Ten years on now, and today the forecast calls for 50s and rain for the Boston Marathon, and the runners will glide and lope and in some cases stagger along that old, old route from Hopkinton to Boston, and the hills around Newton will take their old, old toll.
Ten years on, and everyone will pause to reflect on the day the bombs went off and downtown Boston became Baghdad 2004, with blood and screaming and the awful realization that we are never really safe, not anywhere nor at any time.
Ten years on ...
And we should have learned that by now. Or even by then.
A nation awash in military-grade weaponry and madness should have taught us that by April 15, 2013, but it took two brothers with their minds twisted by hate to drive home the point. And if we've forgotten it because no one since has left two backpacks full of death at the finish line of the Boston Marathon, surely the America of 2023, with its This Week In Mass Shootings ambience, should be a sufficient reminder.
On the 10th anniversary of the Boston Marathon bombings, and the ensuing manhunt that had the greater Boston area living with its heart in its throat for five days, I looked up what I wrote about it. And, sadly, it is no less true now than it was then:
This is why the metal detectors are there now, beeping and buzzing us into the places where we play our games. It's why we hold out our arms and unzip our jackets and spread our legs while the wand passes up one inseam and down the other, while it travels from armpit to fingertip and then (please, sir) from the other armpit to the other fingertip.
The illusion of safety. That's what we're all after here.
And so the metal detectors and the wanding and the bag searches -- some perfunctory, some not so -- and, if's a Super Bowl, the bomb-sniffing dogs. Because these are our spectacles, our circus, and with spectacle comes dark opportunity. And once that dark opportunity is acknowledged or assuaged or dealt with, at least in our minds, then the games can begin ...
Ten years on now, and it's as if I wrote that yesterday, or today.
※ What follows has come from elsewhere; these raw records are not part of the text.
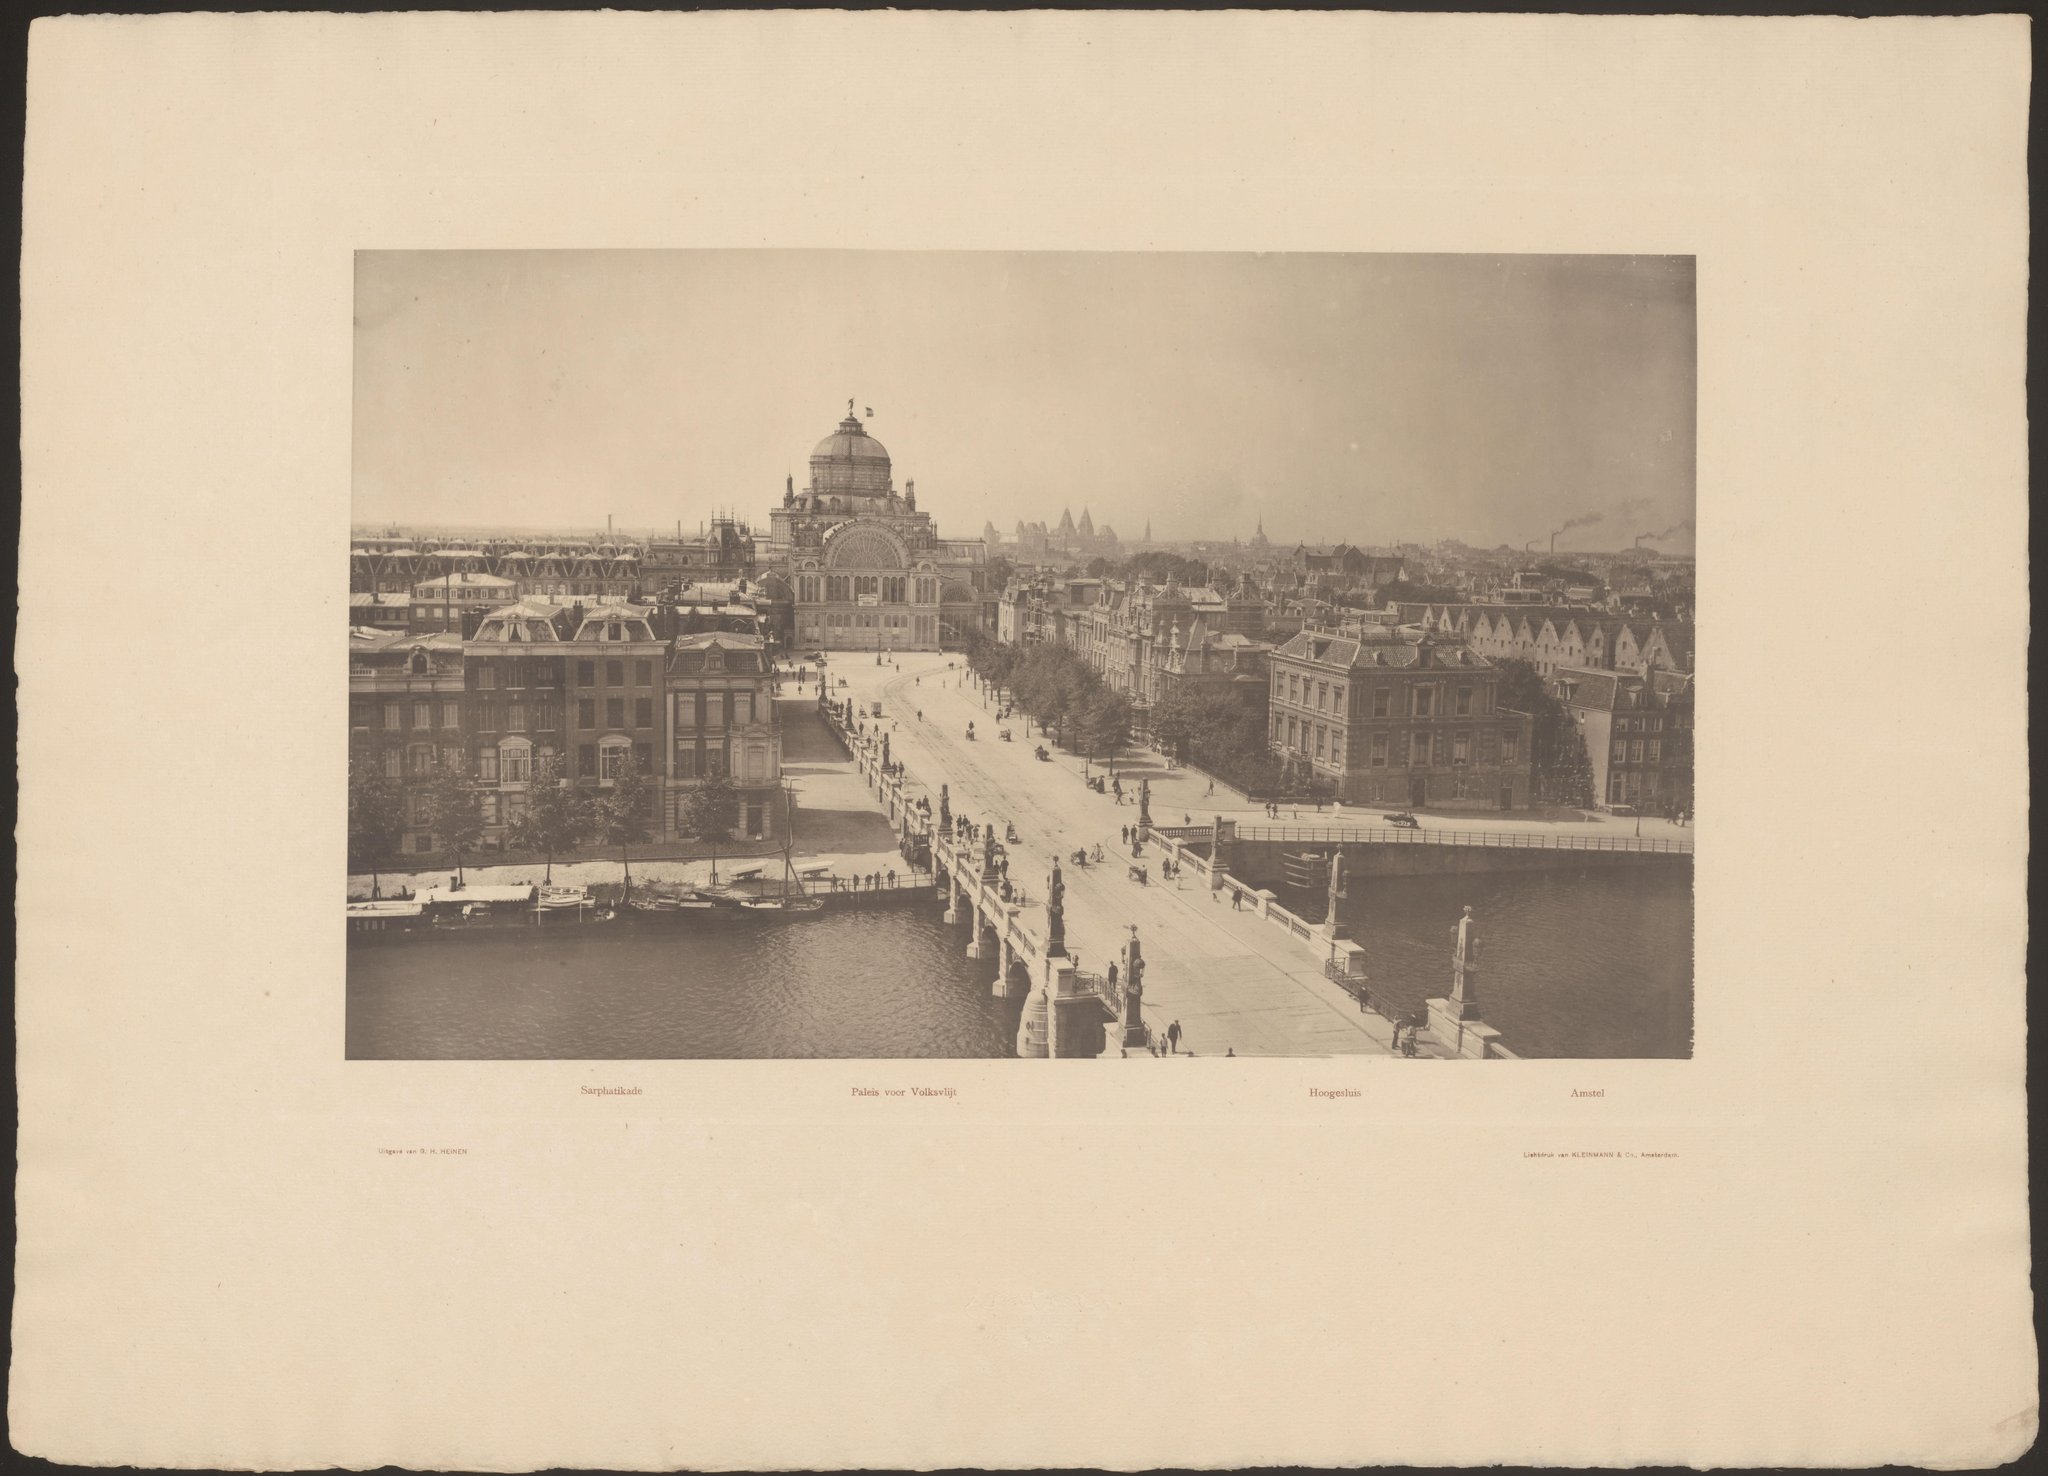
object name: photomechanical print
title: Gezicht op de Hogesluis en het Paleis voor Volksvlijt vanuit het Amstel Hotel
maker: gerrit hendricus heinen
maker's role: painter
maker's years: 1851-1930
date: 1892-1930
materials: paper
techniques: photograph
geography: amsterdam
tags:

Ten years on, and now I'm remembering not April 15, 2013 in Boston but a warm summer night there nine months ago, when my wife and I were standing in a queue to get into Fenway Park for a Red Sox-Yankees game.
The metal detectors. The wanding. And then my wife being told she couldn't bring her handbag into the game, because it was too big.
Instead of leaving it with security, she simply dug everything out of it she needed and pitched it in a trashcan. She needed a new one anyway, she figured.
The illusion of safety. Ten years on, in Boston and elsewhere, we still chase it.
And live our lives anyway, because the alternative is no alternative at all.